Generalverdacht: Seit der Terrorattacke der Hamas auf Israel und Angriffen auf Gaza sehen sich viele Muslime in Deutschland einem allgemeinen Verdacht ausgesetzt.

Köln/Berlin (dpa, iz). Amira ist auf dem Weg zur Kita, um ihre Tochter abzuholen, als ein Mann sie als „Terroristenschlampe“ beschimpft, den Kinderwagen umwirft. „Mehrere Personen haben das aus nächster Nähe mitbekommen, sind aber nicht eingeschritten“, schildert die 30-Jährige aus Köln. Von Yuriko Wahl-Immel

„Die Attacke war beängstigend, ebenso die Tatsache, dass es keine Zivilcourage gab.“ Amira ist in Deutschland geboren und aufgewachsen, ist Rassismusforscherin, selbstbewusst, trägt Kopftuch.

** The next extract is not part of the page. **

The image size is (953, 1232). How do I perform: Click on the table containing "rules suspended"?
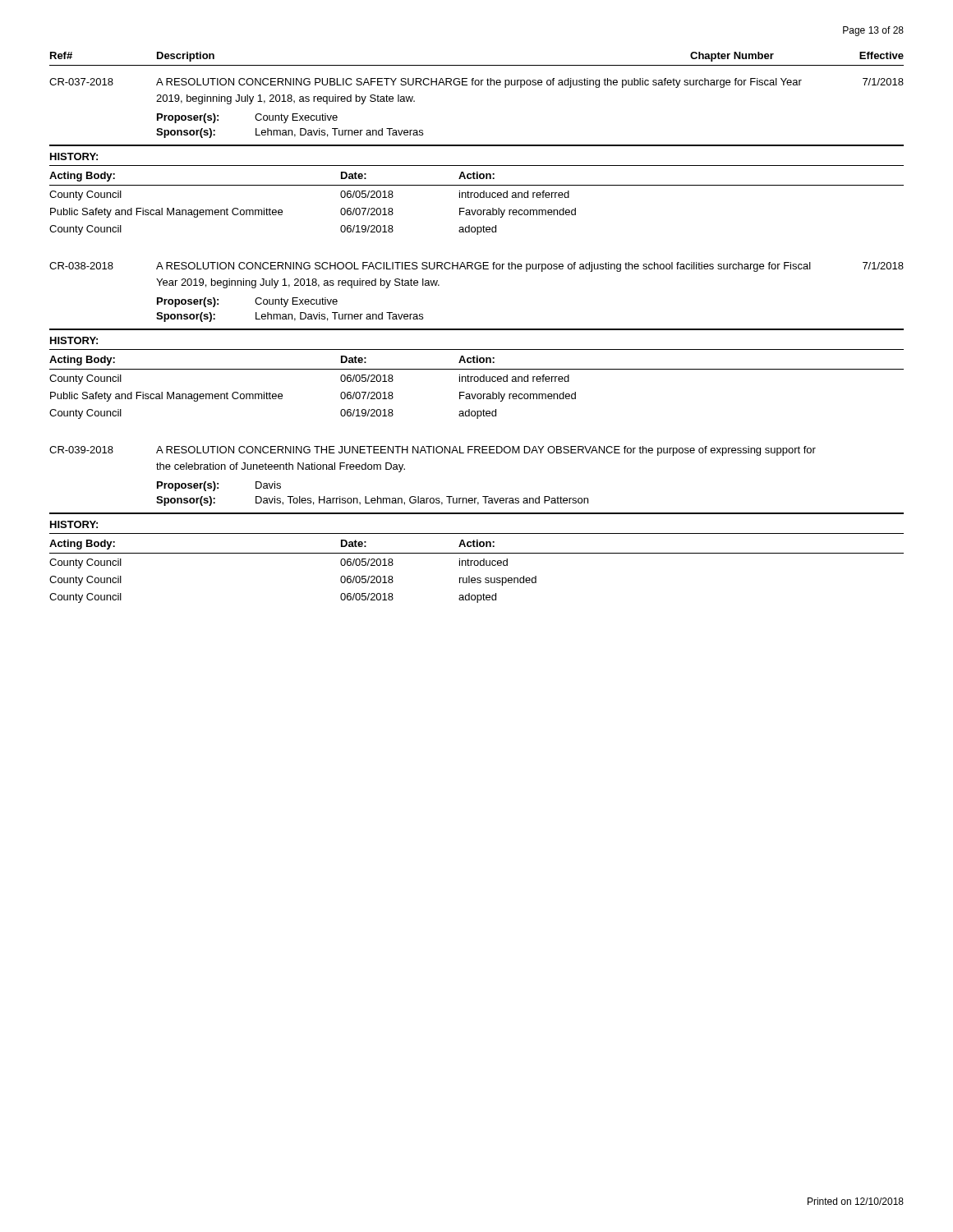(476, 571)
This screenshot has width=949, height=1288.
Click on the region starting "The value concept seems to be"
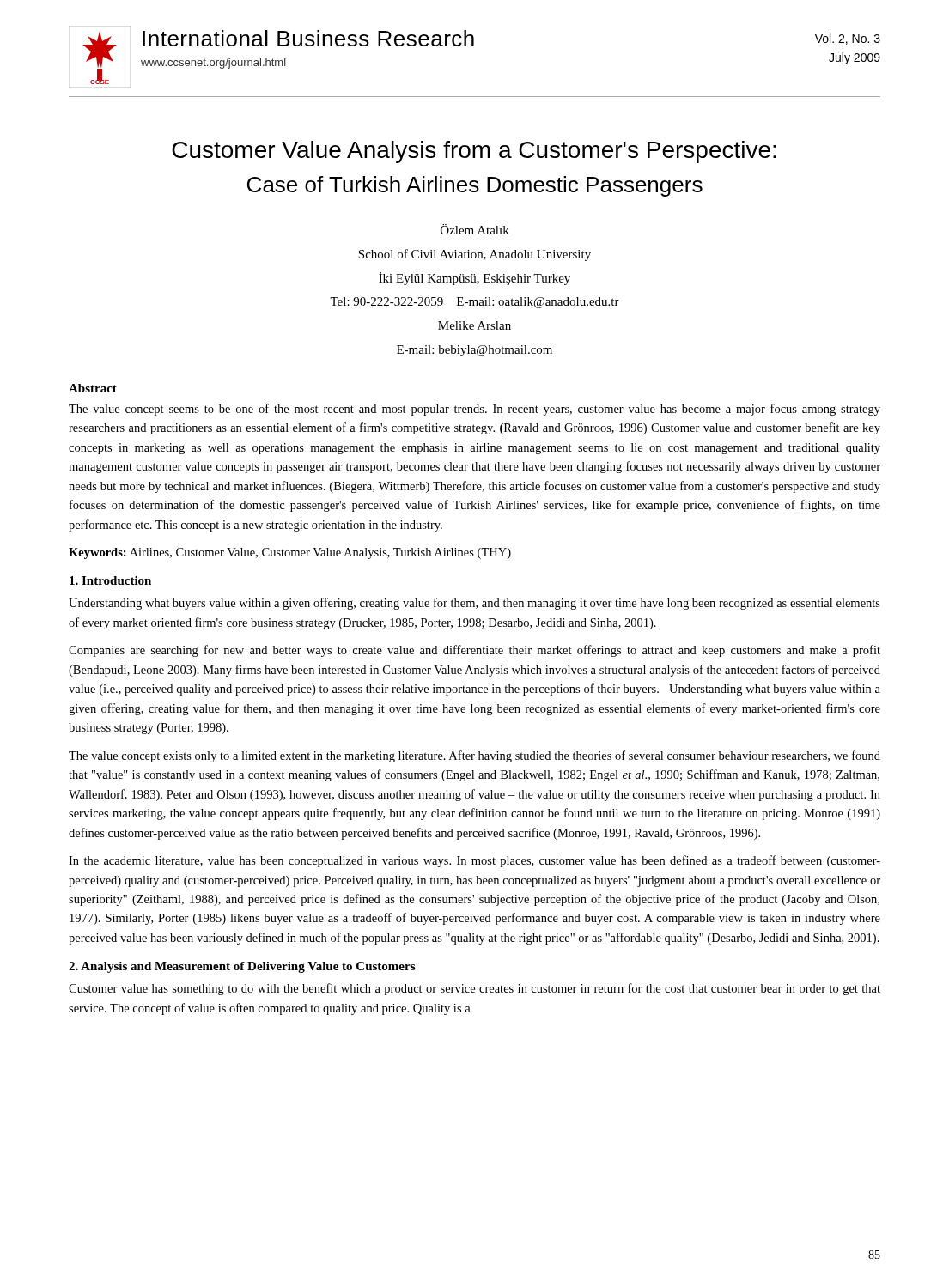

Seit dem Terrorangriff der Hamas auf Israel am 7. Oktober sei das Klima rau und feindselig für viele „muslimisch markierte“ Menschen geworden, die wegen ihres Äußeren als muslimisch gedeutet und deshalb angefeindet würden. Eine in Berlin aufgewachsene Juristin (29) sagt ähnlich, sie werde beleidigt, angepöbelt, fühle sich nicht mehr sicher.

Foto: , via Wikimedia Commons | Lizenz: CC BY-2.0

Vom Generalverdacht zu Angriffen?

Der Zentralrat der Muslime (ZMD) oder die DITIB sprechen von einem Generalverdacht, beklagen Angriffe auf Muslime und Moscheen. Amira und viele ihrer Bekannten spüren das im Alltag deutlich. „Es ist eine rassistisch aufgeladene Veränderung in der Gesellschaft spürbar“, beschreibt sie.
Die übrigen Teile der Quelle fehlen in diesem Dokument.